BEGIN SOURCE INFORMATION
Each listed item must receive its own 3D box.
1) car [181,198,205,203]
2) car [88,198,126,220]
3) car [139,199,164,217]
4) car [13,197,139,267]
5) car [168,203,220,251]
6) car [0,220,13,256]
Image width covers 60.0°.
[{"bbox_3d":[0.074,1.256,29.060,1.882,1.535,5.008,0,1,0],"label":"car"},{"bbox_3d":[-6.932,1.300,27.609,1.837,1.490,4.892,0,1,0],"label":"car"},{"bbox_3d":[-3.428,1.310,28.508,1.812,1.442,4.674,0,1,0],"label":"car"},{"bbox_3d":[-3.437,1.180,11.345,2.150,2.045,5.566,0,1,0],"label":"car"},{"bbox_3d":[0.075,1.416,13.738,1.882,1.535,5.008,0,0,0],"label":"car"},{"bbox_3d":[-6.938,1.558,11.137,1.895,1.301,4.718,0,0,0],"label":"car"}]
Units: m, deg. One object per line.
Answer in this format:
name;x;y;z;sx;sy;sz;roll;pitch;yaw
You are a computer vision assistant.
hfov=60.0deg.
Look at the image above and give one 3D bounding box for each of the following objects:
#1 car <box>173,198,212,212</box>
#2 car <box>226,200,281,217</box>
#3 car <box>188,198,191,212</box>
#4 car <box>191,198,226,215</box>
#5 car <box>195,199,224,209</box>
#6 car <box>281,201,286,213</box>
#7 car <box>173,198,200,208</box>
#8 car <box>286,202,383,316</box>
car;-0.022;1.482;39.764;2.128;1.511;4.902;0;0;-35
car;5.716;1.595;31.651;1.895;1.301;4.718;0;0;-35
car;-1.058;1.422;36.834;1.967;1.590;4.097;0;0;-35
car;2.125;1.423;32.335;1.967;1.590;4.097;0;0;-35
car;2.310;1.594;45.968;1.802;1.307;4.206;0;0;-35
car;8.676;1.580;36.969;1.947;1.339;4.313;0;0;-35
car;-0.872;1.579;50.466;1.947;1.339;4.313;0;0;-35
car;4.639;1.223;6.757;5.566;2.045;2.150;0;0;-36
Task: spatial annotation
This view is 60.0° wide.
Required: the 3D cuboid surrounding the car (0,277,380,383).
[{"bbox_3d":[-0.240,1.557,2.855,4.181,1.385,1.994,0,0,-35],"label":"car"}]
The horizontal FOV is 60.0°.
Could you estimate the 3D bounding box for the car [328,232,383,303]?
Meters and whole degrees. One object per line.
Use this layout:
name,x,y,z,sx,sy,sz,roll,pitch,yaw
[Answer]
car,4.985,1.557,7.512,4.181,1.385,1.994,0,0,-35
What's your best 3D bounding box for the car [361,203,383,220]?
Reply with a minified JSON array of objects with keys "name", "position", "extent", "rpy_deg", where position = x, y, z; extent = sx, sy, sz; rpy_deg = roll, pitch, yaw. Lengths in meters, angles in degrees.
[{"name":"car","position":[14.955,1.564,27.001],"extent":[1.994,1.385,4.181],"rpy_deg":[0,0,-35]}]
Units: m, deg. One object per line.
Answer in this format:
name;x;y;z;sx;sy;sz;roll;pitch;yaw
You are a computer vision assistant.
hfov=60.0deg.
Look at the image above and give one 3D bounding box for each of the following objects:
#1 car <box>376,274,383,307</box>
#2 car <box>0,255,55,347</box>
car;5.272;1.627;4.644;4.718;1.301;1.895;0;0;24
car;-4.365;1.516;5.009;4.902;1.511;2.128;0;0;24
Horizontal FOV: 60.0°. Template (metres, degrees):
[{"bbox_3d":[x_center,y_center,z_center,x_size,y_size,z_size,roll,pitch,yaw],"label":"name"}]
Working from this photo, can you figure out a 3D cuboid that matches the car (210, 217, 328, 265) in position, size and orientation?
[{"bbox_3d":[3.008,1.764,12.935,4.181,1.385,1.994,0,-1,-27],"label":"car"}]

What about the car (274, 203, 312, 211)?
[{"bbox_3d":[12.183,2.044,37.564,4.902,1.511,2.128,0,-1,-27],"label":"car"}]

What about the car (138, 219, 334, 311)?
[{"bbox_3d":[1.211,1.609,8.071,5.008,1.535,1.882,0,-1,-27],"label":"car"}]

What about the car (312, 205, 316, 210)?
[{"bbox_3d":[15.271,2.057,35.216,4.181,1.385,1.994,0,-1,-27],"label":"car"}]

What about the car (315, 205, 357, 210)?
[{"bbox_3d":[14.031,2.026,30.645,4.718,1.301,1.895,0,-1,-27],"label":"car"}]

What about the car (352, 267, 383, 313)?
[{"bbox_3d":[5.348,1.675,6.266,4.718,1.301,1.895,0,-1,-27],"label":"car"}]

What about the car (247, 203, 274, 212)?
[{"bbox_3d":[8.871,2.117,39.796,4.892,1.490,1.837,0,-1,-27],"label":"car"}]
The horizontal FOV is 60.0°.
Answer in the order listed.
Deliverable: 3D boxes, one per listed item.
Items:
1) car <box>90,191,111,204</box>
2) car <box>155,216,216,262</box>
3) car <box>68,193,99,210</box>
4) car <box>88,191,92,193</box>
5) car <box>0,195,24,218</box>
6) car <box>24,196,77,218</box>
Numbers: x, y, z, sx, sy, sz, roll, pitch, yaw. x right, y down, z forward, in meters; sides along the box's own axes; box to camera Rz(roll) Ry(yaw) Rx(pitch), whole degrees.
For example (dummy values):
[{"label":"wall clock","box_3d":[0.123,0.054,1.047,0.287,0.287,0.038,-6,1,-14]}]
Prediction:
END SOURCE INFORMATION
• _INSTRUCTIONS TO FOLLOW_: Nothing should be omitted or altered. Retype the records exactly.

• _EXERCISE RESULT_:
Each listed item must receive its own 3D box.
1) car [181,198,205,203]
2) car [88,198,126,220]
3) car [139,199,164,217]
4) car [13,197,139,267]
5) car [168,203,220,251]
6) car [0,220,13,256]
Image width covers 60.0°.
[{"bbox_3d":[0.074,1.256,29.060,1.882,1.535,5.008,0,1,0],"label":"car"},{"bbox_3d":[-6.932,1.300,27.609,1.837,1.490,4.892,0,1,0],"label":"car"},{"bbox_3d":[-3.428,1.310,28.508,1.812,1.442,4.674,0,1,0],"label":"car"},{"bbox_3d":[-3.437,1.180,11.345,2.150,2.045,5.566,0,1,0],"label":"car"},{"bbox_3d":[0.075,1.416,13.738,1.882,1.535,5.008,0,0,0],"label":"car"},{"bbox_3d":[-6.938,1.558,11.137,1.895,1.301,4.718,0,0,0],"label":"car"}]
Units: m, deg. One object per line.
Answer in this format:
name;x;y;z;sx;sy;sz;roll;pitch;yaw
You are a computer vision assistant.
hfov=60.0deg.
Look at the image above and give one 3D bounding box for each of the following objects:
#1 car <box>173,198,212,212</box>
#2 car <box>226,200,281,217</box>
#3 car <box>188,198,191,212</box>
#4 car <box>191,198,226,215</box>
#5 car <box>195,199,224,209</box>
#6 car <box>281,201,286,213</box>
#7 car <box>173,198,200,208</box>
#8 car <box>286,202,383,316</box>
car;-0.022;1.482;39.764;2.128;1.511;4.902;0;0;-35
car;5.716;1.595;31.651;1.895;1.301;4.718;0;0;-35
car;-1.058;1.422;36.834;1.967;1.590;4.097;0;0;-35
car;2.125;1.423;32.335;1.967;1.590;4.097;0;0;-35
car;2.310;1.594;45.968;1.802;1.307;4.206;0;0;-35
car;8.676;1.580;36.969;1.947;1.339;4.313;0;0;-35
car;-0.872;1.579;50.466;1.947;1.339;4.313;0;0;-35
car;4.639;1.223;6.757;5.566;2.045;2.150;0;0;-36
Task: spatial annotation
This view is 60.0° wide.
Required: the 3D cuboid surrounding the car (0,277,380,383).
[{"bbox_3d":[-0.240,1.557,2.855,4.181,1.385,1.994,0,0,-35],"label":"car"}]
The horizontal FOV is 60.0°.
Could you estimate the 3D bounding box for the car [328,232,383,303]?
Meters and whole degrees. One object per line.
Use this layout:
name,x,y,z,sx,sy,sz,roll,pitch,yaw
[Answer]
car,4.985,1.557,7.512,4.181,1.385,1.994,0,0,-35
What's your best 3D bounding box for the car [361,203,383,220]?
Reply with a minified JSON array of objects with keys "name", "position", "extent", "rpy_deg", where position = x, y, z; extent = sx, sy, sz; rpy_deg = roll, pitch, yaw. Lengths in meters, angles in degrees.
[{"name":"car","position":[14.955,1.564,27.001],"extent":[1.994,1.385,4.181],"rpy_deg":[0,0,-35]}]
Units: m, deg. One object per line.
Answer in this format:
name;x;y;z;sx;sy;sz;roll;pitch;yaw
You are a computer vision assistant.
hfov=60.0deg.
Look at the image above and give one 3D bounding box for each of the following objects:
#1 car <box>376,274,383,307</box>
#2 car <box>0,255,55,347</box>
car;5.272;1.627;4.644;4.718;1.301;1.895;0;0;24
car;-4.365;1.516;5.009;4.902;1.511;2.128;0;0;24
Horizontal FOV: 60.0°. Template (metres, degrees):
[{"bbox_3d":[x_center,y_center,z_center,x_size,y_size,z_size,roll,pitch,yaw],"label":"name"}]
Working from this photo, can you figure out a 3D cuboid that matches the car (210, 217, 328, 265) in position, size and orientation?
[{"bbox_3d":[3.008,1.764,12.935,4.181,1.385,1.994,0,-1,-27],"label":"car"}]

What about the car (274, 203, 312, 211)?
[{"bbox_3d":[12.183,2.044,37.564,4.902,1.511,2.128,0,-1,-27],"label":"car"}]

What about the car (138, 219, 334, 311)?
[{"bbox_3d":[1.211,1.609,8.071,5.008,1.535,1.882,0,-1,-27],"label":"car"}]

What about the car (312, 205, 316, 210)?
[{"bbox_3d":[15.271,2.057,35.216,4.181,1.385,1.994,0,-1,-27],"label":"car"}]

What about the car (315, 205, 357, 210)?
[{"bbox_3d":[14.031,2.026,30.645,4.718,1.301,1.895,0,-1,-27],"label":"car"}]

What about the car (352, 267, 383, 313)?
[{"bbox_3d":[5.348,1.675,6.266,4.718,1.301,1.895,0,-1,-27],"label":"car"}]

What about the car (247, 203, 274, 212)?
[{"bbox_3d":[8.871,2.117,39.796,4.892,1.490,1.837,0,-1,-27],"label":"car"}]
The horizontal FOV is 60.0°.
Answer in the order listed.
Deliverable: 3D boxes, one per listed item.
Items:
1) car <box>90,191,111,204</box>
2) car <box>155,216,216,262</box>
3) car <box>68,193,99,210</box>
4) car <box>88,191,92,193</box>
5) car <box>0,195,24,218</box>
6) car <box>24,196,77,218</box>
Numbers: x, y, z, sx, sy, sz, roll, pitch, yaw. x right, y down, z forward, in meters; sides along the box's own axes; box to camera Rz(roll) Ry(yaw) Rx(pitch), whole degrees.
For example (dummy values):
[{"label":"wall clock","box_3d":[0.123,0.054,1.047,0.287,0.287,0.038,-6,1,-14]}]
Prediction:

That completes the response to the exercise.